Some viruses are easier to modify and engineer than others. The more we know about the surface proteins and properties of viruses, like knowing and being able to modify the lysine residues on the Cowpea mosaic virus, the better we can create vaccines or other drugs to block virus entry into cells. A virus like Ebola is critically dependent upon entry into your cells – and the proteins on its surface that promote this entry – to reproduce itself. Because as deadly as a virus like Ebola might seem to be, it’s only as deadly as it can use your own body, and your own cells’ machinery, against you. To do that, it first has to get inside your cells.

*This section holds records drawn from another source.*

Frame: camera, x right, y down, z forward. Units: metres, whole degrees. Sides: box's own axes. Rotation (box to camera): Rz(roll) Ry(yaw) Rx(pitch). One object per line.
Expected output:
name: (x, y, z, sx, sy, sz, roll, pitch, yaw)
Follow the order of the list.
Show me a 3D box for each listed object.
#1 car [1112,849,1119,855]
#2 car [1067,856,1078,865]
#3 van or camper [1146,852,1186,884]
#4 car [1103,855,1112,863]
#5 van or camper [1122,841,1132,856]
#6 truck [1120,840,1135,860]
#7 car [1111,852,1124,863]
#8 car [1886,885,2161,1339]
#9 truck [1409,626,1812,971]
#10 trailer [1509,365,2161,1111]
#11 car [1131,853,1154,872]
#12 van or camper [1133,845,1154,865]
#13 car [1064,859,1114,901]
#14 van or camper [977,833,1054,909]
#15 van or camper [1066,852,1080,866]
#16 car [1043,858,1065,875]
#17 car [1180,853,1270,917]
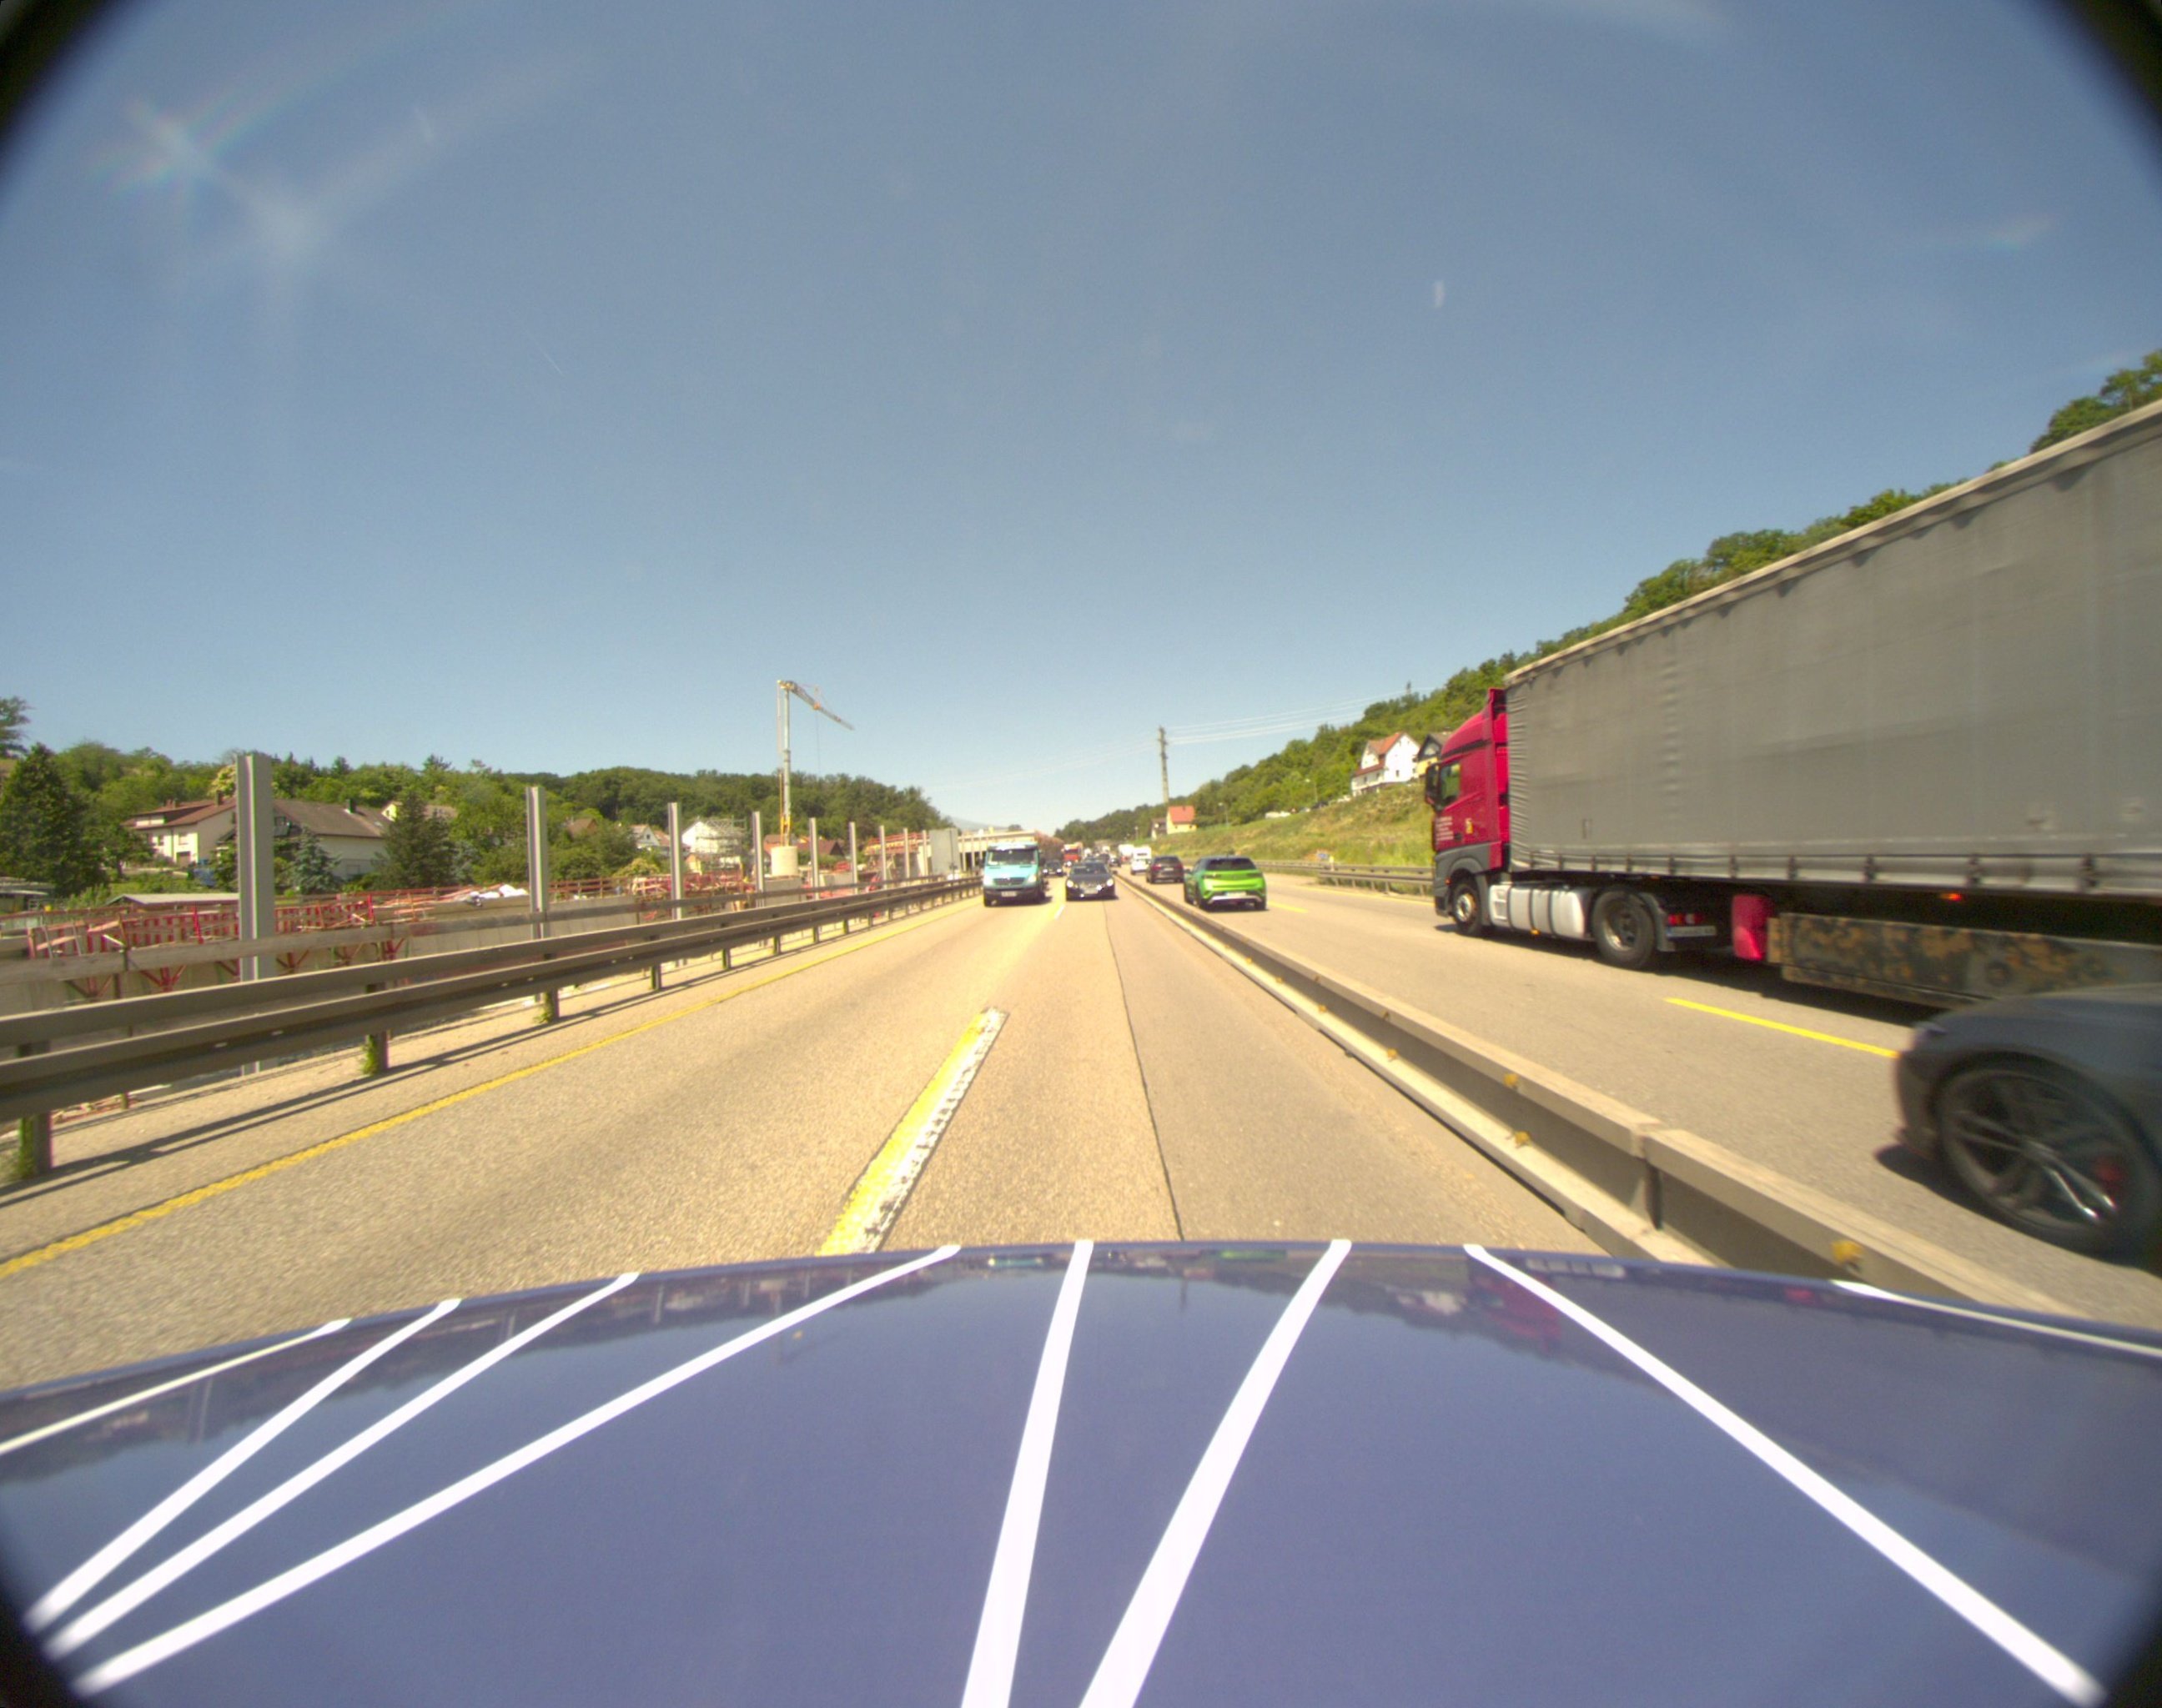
car: (10.233, -0.471, 224.035, 1.780, 1.652, 3.576, -2, 0, 0)
car: (-1.441, 1.068, 127.457, 1.679, 1.346, 3.486, -4, 0, 1)
van or camper: (4.804, 0.755, 43.173, 1.832, 1.658, 3.888, -2, 0, 1)
car: (5.249, 0.972, 150.650, 1.601, 1.499, 3.162, -4, 0, 1)
van or camper: (9.111, -1.050, 150.689, 1.566, 2.744, 5.181, -4, 0, 1)
truck: (8.509, -0.709, 140.527, 2.385, 3.412, 9.306, 0, 0, 1)
car: (5.062, 0.463, 105.943, 1.660, 1.420, 3.176, -5, 0, 1)
car: (4.252, 0.822, 0.971, 1.772, 1.355, 4.411, -2, 0, 0)
truck: (7.454, -0.674, 11.567, 2.828, 4.100, 4.598, -2, 0, 0)
trailer: (7.386, -0.667, 3.833, 2.864, 4.100, 13.437, -2, 0, 0)
car: (5.119, 0.656, 63.496, 1.677, 1.468, 4.541, -2, 0, 2)
van or camper: (8.620, 0.138, 105.280, 2.382, 2.634, 6.052, -2, 0, 1)
car: (0.307, 0.949, 28.900, 1.746, 1.420, 4.000, -1, 0, 1)
van or camper: (-2.346, 0.572, 29.376, 2.097, 2.458, 7.671, -2, 0, 1)
van or camper: (-1.461, 0.909, 143.907, 2.321, 2.513, 4.527, -4, 0, 1)
car: (-2.344, 1.077, 65.909, 1.611, 1.324, 3.496, -4, 0, 1)
car: (3.929, 0.791, 21.357, 1.758, 1.499, 4.000, -4, 0, 1)

A representation of the "spike" or glycoproteins on the filamentous Ebola virus. Shutterstock: http://ow.ly/zW52f

Ebola is tricky in a way. The long, curly rod-like virus particles are studded with a glycoprotein, or the “spike protein,” that is critical in helping the virus attach to, fuse and eventually enter inside a range of human cells. It appears that this complex glycoprotein can take on a variety of shapes and target a variety of receptors on the surface of your cells to let the virus in. It also has a chalice or deep bowl-like shape that protects its center binding site, making it harder for your body to build up defenses by making antibodies against this binding site.

Even though scientists have studied and characterized the structure of this glycoprotein and how the glycoprotein helps the virus break into your cells, finding a straightforward way to block this complex, shape-changing glycoprotein appears to remain difficult. But studies that characterize the 3-D shapes of tiny protein structures, like X-ray crystallography, are definitely providing clues.

Update: Other bloggers have written about potential antibody-based antiserums for Ebola, here and here. While the Ebola glycoprotein is particularly good at evading your body's natural immune system, like antibodies, it appears that some Ebola survivors might have an antibody that can bind inside the chalice-like spike protein of Ebola and thus prevent the protein from latching onto your human cells. For a treatment to work though, there would probably need to be a lot of these antibodies delivered. It would be best if your body produced these antibodies itself, or could be trained to.